Parking Garage: Gateway to the Future
by Shannon Sanders McDonald
As we face up to the needs of climate protection over the next few years, we'll see that the decades-long trend of steadily increasing automobile vehicle miles traveled (VMT) in the U.S. will be reversed for decades to come. Contemplating a nation, and ultimately a world, with declining total VMT, it's increasingly clear that henceforth, most construction of new auto infrastructure almost any new lane-miles of highway, for instance represents soon-stranded investment, at best. The parking garage may be an outstanding exception.
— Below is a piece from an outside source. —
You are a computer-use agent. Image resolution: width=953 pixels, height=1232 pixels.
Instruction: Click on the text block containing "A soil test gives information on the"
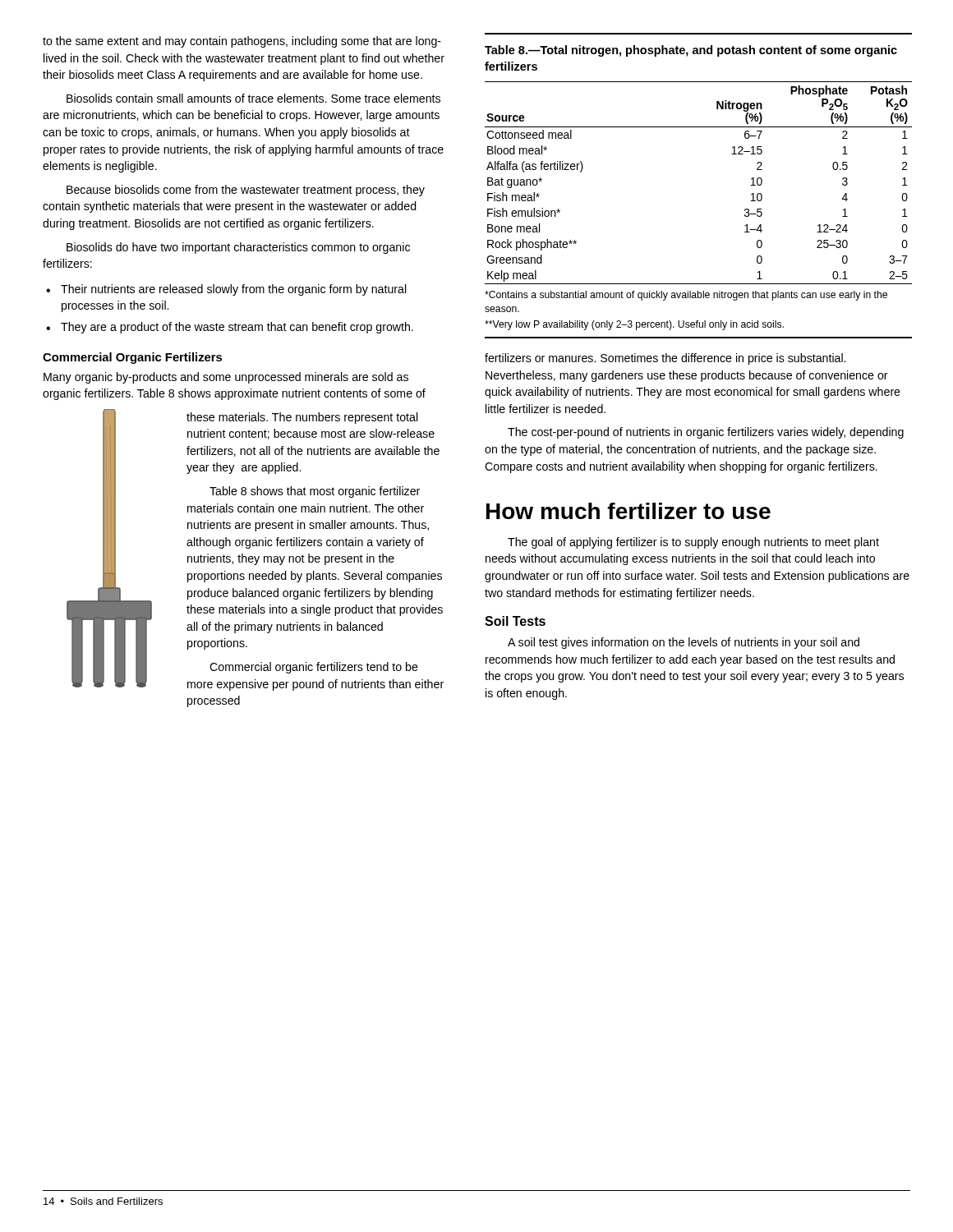pyautogui.click(x=698, y=668)
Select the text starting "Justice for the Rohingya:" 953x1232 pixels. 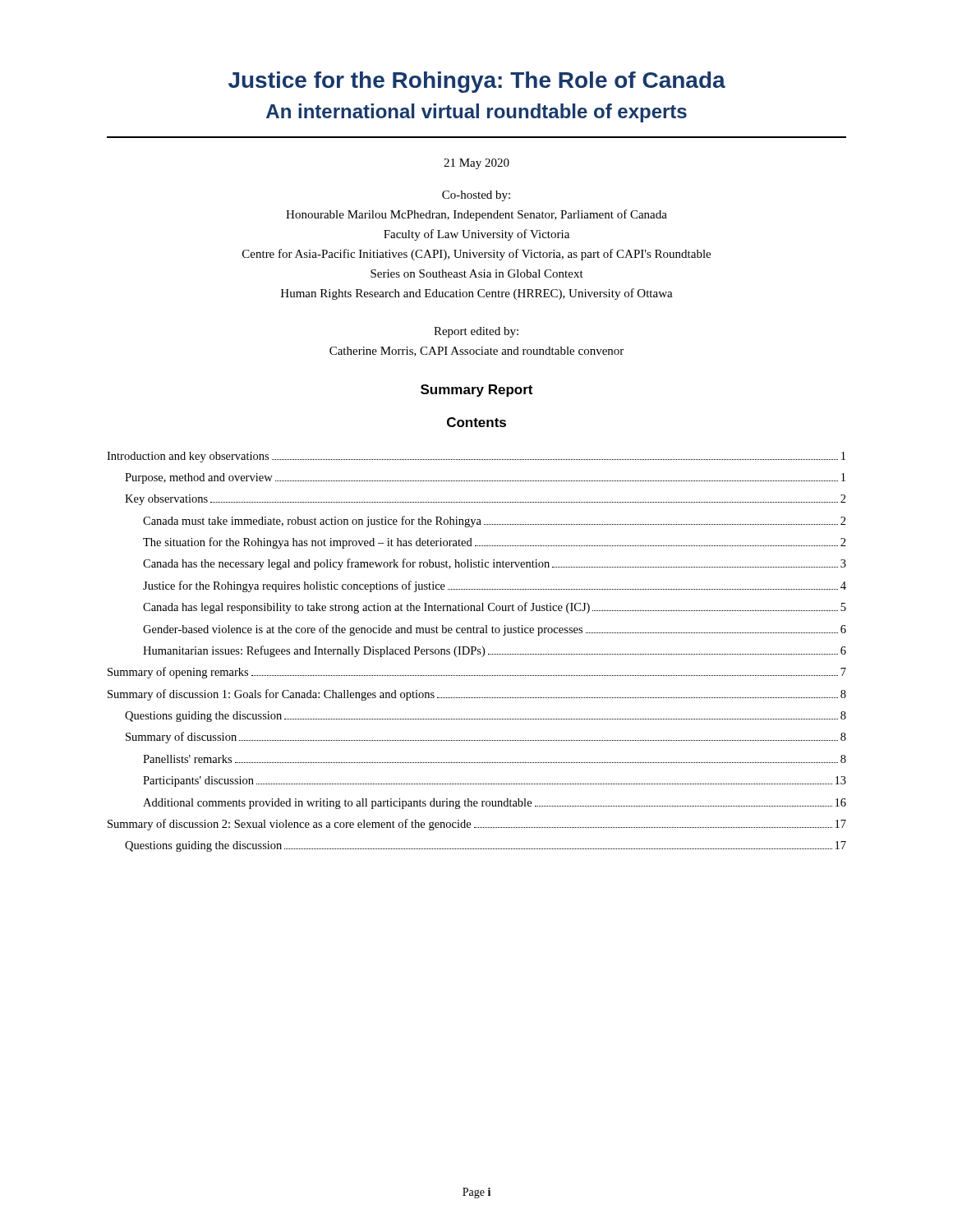476,95
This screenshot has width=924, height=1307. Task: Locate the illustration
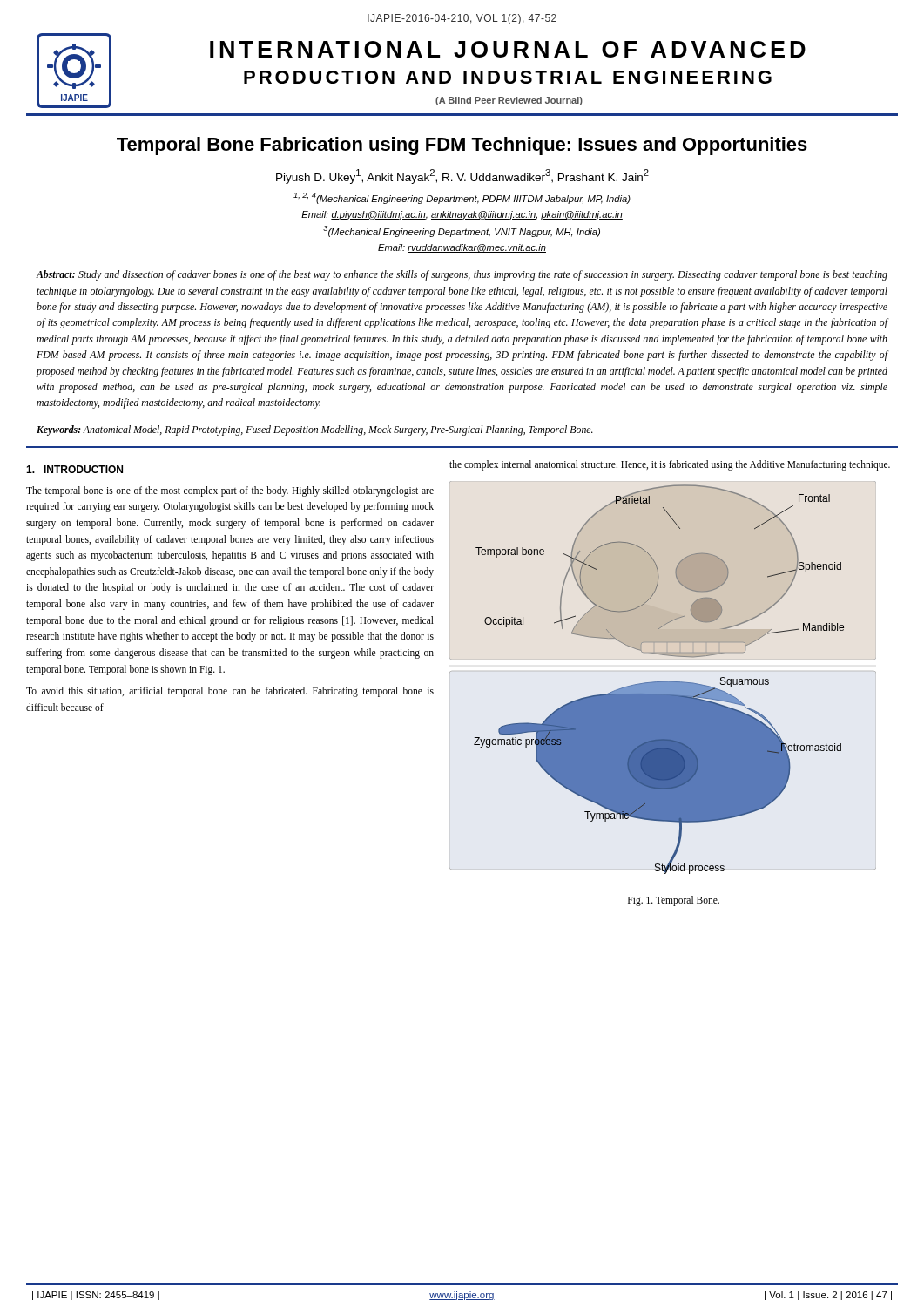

As U.S. communities transition toward the more mixed-use, closer-in, denser development patterns that will support our restless lifestyles with less driving, "structured parking" can help finesse the fact that most of us will still be using cars for many years to come.
And as the U.S. market will rightly demand density with real design quality to live well, while living closer together the parking garages that can help make good density possible need to be good architecture in their own right. We hope these examples provide some inspiration. Editors
The costs of sprawl are reaching the breaking point. As the search for affordable land and housing pushes development farther and farther into the countryside, massive infrastructure costs — for roads, sewers, utilities, and schools — inevitably follow.
Moreover, the costs of unfettered outward expansion falls most heavily on those who can least afford it: households with incomes under $27,176 spend 25.3 to 40.2 percent of their after-tax incomes on transportation; among households with household income above $44,462, the corresponding figures are 13.1 to 18.2 percent. And in Europe, six percent of the household income is spent on transportation; in the United States, the figure is 19 percent.
Thus, much of the future depends on curbing sprawl, while preserving — and even expanding — choice: using existing infrastructure efficiently, increasing density, providing as many travel options as possible, decreasing automobile dependency, improving the distribution of jobs and housing, maintaining housing affordability, and protecting the environment. Inevitably, the parking structure will play a key role in such efforts.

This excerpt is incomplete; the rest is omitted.